# Task
Which lines in the records below mention the word "Lengths"? Copy each one out.

# Extracted entries
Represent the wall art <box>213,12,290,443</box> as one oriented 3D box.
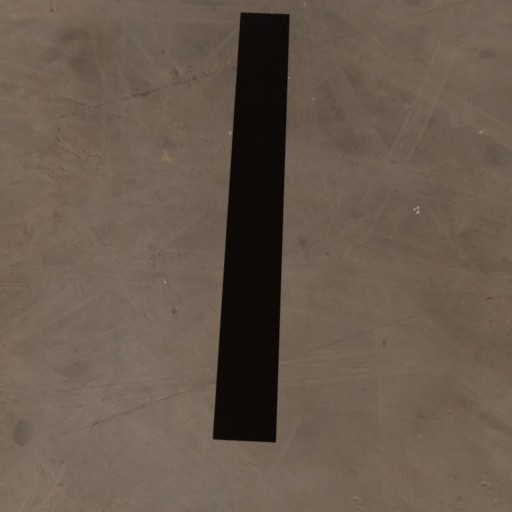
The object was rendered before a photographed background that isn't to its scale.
[{"bbox_3d":[0.000,0.000,0.439,0.037,0.299,0.299,3,76,1],"label":"wall art"}]
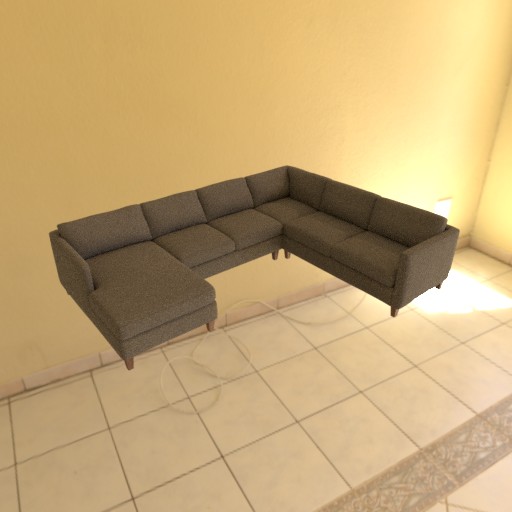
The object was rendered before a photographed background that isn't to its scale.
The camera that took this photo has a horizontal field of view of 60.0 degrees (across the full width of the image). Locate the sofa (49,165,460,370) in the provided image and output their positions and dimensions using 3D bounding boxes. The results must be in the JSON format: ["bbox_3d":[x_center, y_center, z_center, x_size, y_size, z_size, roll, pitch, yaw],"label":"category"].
[{"bbox_3d":[0.000,0.000,4.482,3.238,0.853,2.551,-21,35,-34],"label":"sofa"}]
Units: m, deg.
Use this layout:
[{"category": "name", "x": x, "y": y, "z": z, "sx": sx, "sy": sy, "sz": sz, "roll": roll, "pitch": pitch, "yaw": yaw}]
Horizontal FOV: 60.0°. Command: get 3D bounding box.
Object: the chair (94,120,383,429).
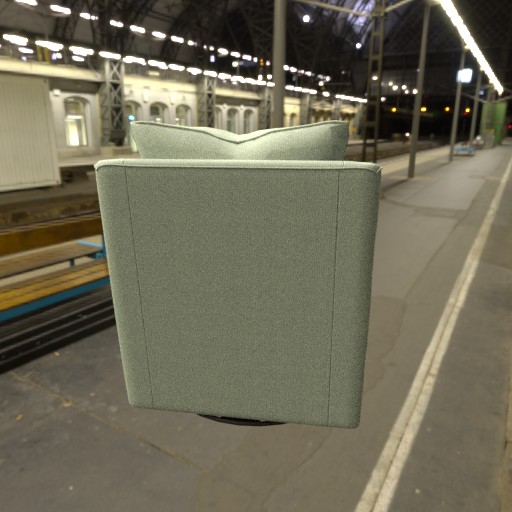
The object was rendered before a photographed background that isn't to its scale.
[{"category": "chair", "x": 0.000, "y": 0.000, "z": 1.605, "sx": 0.760, "sy": 0.926, "sz": 0.870, "roll": 3, "pitch": 16, "yaw": 9}]
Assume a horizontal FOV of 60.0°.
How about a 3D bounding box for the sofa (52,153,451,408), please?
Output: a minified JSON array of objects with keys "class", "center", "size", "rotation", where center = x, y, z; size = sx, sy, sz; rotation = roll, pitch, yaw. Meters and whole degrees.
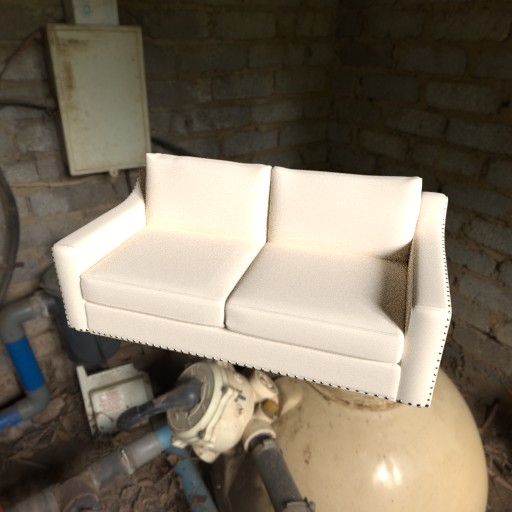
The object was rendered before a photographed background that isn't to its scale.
[{"class":"sofa","center":[0.000,0.000,2.307],"size":[1.812,0.830,0.949],"rotation":[9,29,16]}]
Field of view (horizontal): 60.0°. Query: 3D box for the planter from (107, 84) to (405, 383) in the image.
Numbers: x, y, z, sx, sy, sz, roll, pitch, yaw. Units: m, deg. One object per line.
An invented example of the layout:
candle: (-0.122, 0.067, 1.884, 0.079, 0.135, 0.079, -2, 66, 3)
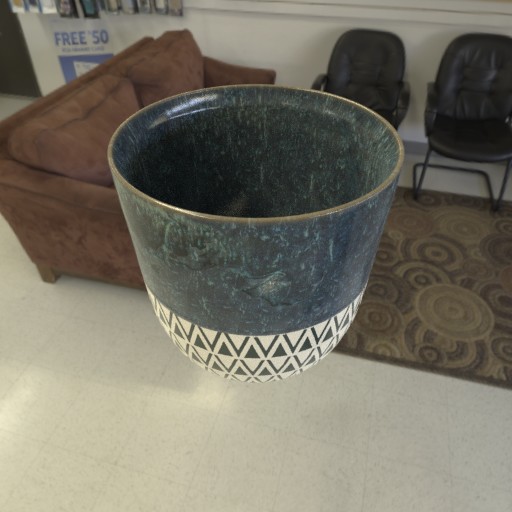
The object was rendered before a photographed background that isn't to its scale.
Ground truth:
planter: (0.000, 0.000, 0.368, 0.195, 0.214, 0.195, 0, 41, 0)
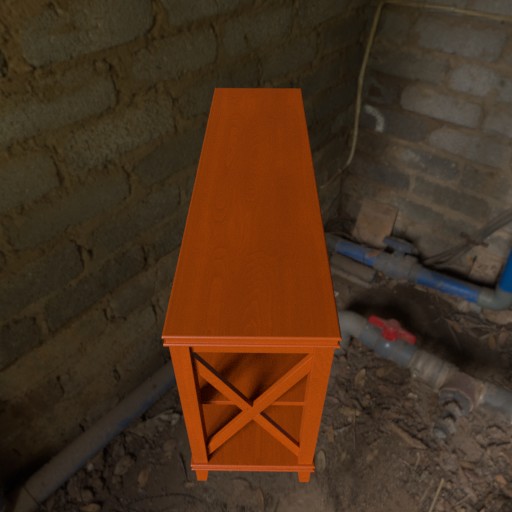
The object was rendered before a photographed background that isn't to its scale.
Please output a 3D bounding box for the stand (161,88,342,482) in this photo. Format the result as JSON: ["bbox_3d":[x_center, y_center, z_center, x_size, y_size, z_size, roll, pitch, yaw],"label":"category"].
[{"bbox_3d":[0.000,0.000,1.696,0.381,0.762,1.372,1,42,1],"label":"stand"}]
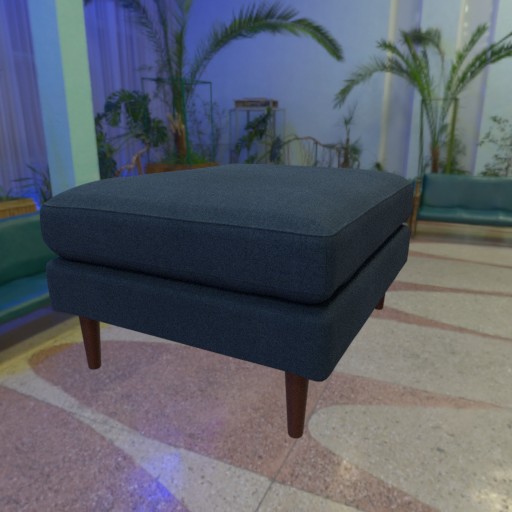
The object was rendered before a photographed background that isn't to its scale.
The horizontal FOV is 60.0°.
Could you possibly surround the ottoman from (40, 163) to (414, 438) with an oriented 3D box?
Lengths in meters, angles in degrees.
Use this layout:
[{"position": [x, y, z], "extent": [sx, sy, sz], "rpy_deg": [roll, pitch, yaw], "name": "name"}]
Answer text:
[{"position": [0.000, 0.000, 1.222], "extent": [0.693, 0.474, 0.821], "rpy_deg": [8, 18, 26], "name": "ottoman"}]
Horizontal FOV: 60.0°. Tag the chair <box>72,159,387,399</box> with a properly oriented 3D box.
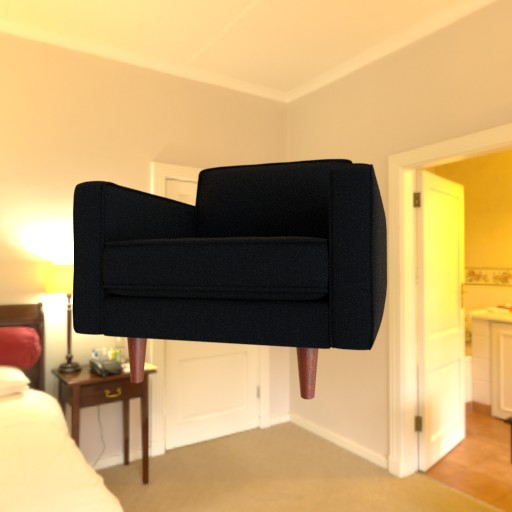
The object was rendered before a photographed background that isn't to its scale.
[{"bbox_3d":[0.000,0.000,1.609,0.899,0.770,0.920,0,-1,18],"label":"chair"}]
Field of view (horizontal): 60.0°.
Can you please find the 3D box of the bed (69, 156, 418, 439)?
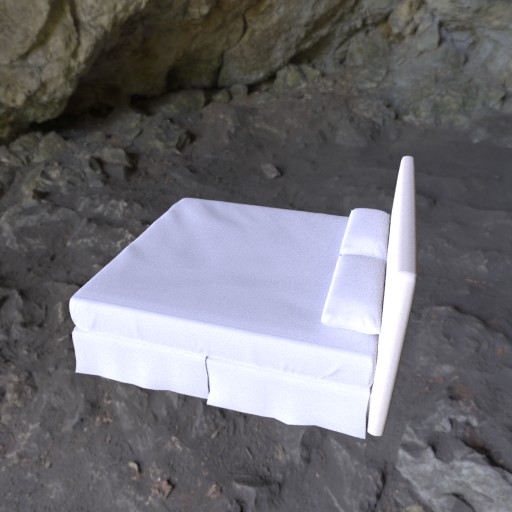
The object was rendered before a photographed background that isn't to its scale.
[{"bbox_3d":[0.000,0.000,3.668,2.341,1.317,2.119,9,31,14],"label":"bed"}]
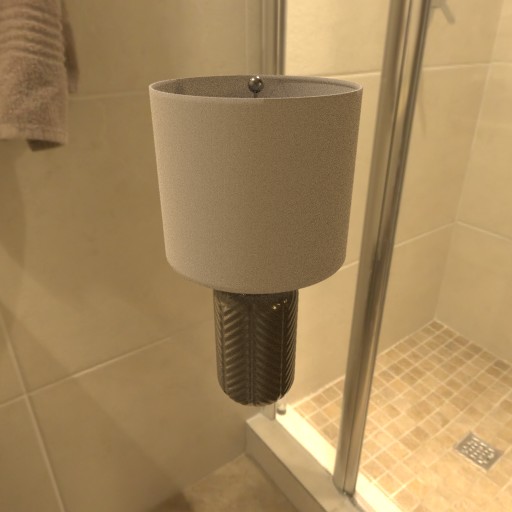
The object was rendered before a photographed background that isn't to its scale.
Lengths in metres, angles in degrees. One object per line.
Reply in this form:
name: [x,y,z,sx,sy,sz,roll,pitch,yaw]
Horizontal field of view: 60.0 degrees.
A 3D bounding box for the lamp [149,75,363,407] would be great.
lamp: [0.000,0.000,0.514,0.203,0.389,0.203,8,28,15]

# Response
Lengths in meters, angles in degrees.
Lengths in metres, angles in degrees. One object per line.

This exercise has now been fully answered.